-- WHAT YOU SHOULD DO --
Reproduce the data below in full and exclude every picture.

START ENTRIES PROVIDED

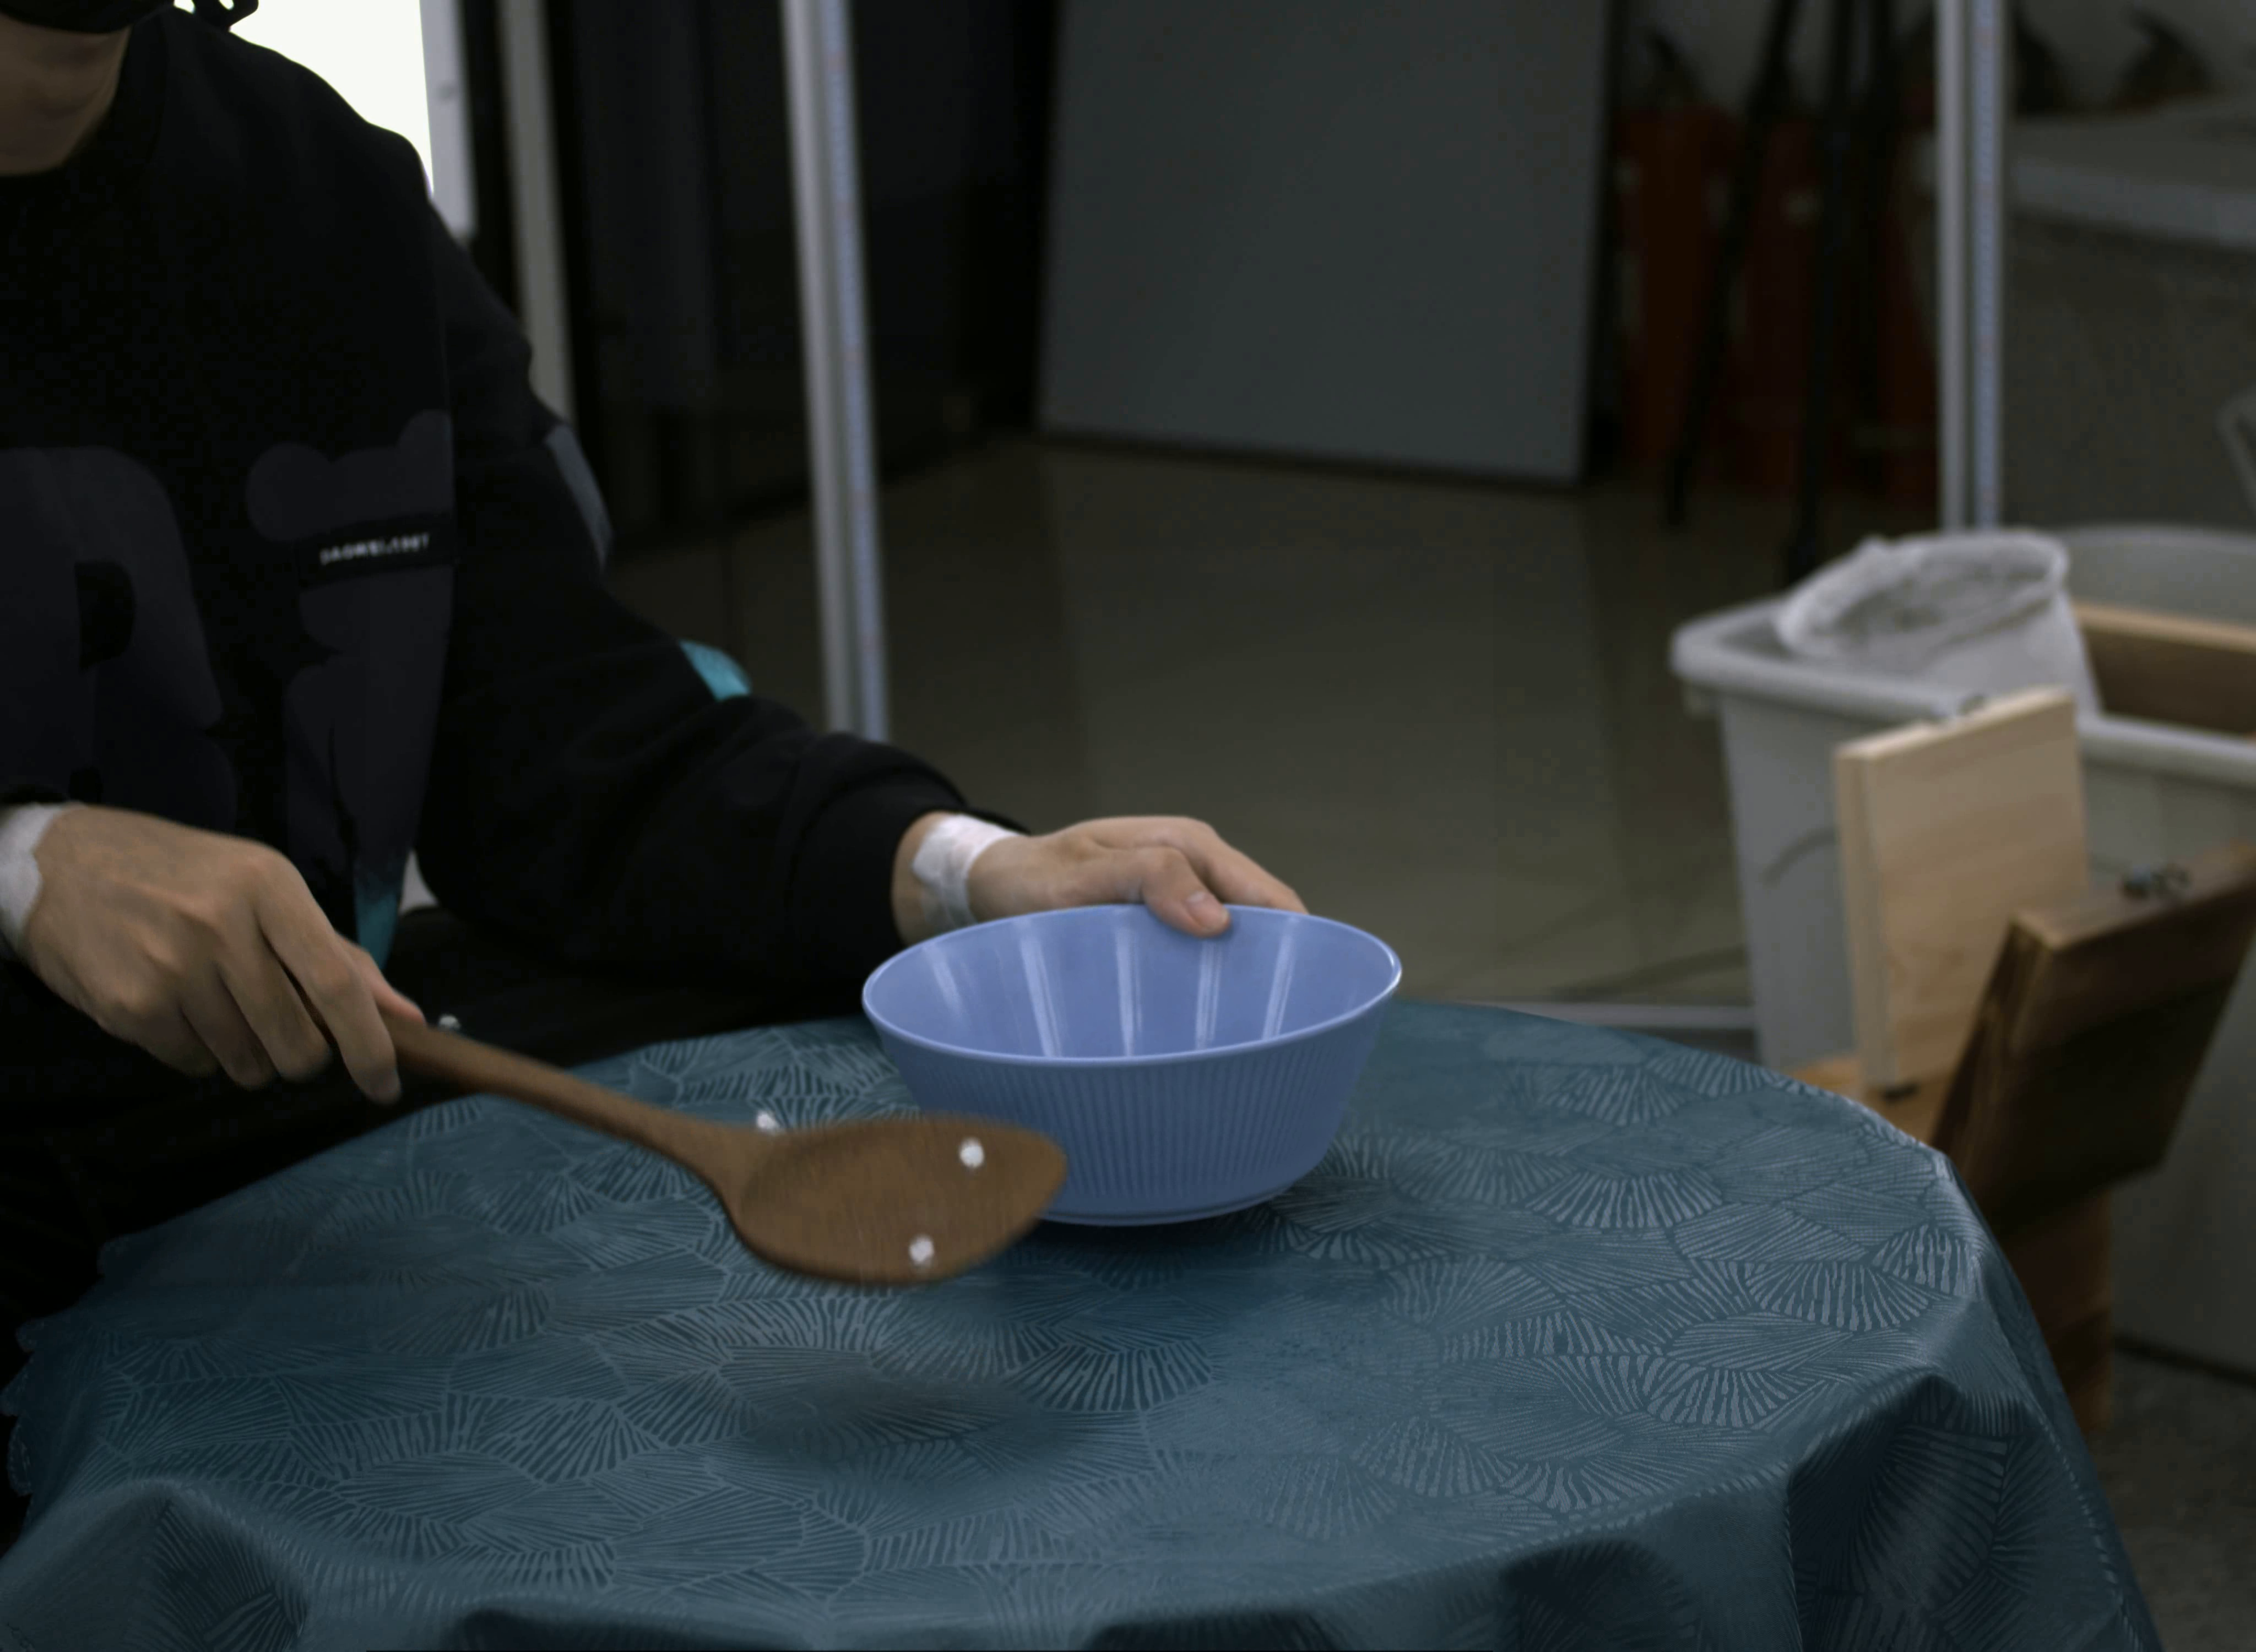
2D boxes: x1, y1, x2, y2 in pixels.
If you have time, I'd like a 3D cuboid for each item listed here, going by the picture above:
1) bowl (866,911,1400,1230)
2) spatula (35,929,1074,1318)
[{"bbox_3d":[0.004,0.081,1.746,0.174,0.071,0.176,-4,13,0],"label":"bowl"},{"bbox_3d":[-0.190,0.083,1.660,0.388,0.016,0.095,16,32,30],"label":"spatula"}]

END ENTRIES PROVIDED

-- RESPONSE AREA --
2D boxes: x1, y1, x2, y2 in pixels.
If you have time, I'd like a 3D cuboid for each item listed here, going by the picture above:
1) bowl (866,911,1400,1230)
2) spatula (35,929,1074,1318)
[{"bbox_3d":[0.004,0.081,1.746,0.174,0.071,0.176,-4,13,0],"label":"bowl"},{"bbox_3d":[-0.190,0.083,1.660,0.388,0.016,0.095,16,32,30],"label":"spatula"}]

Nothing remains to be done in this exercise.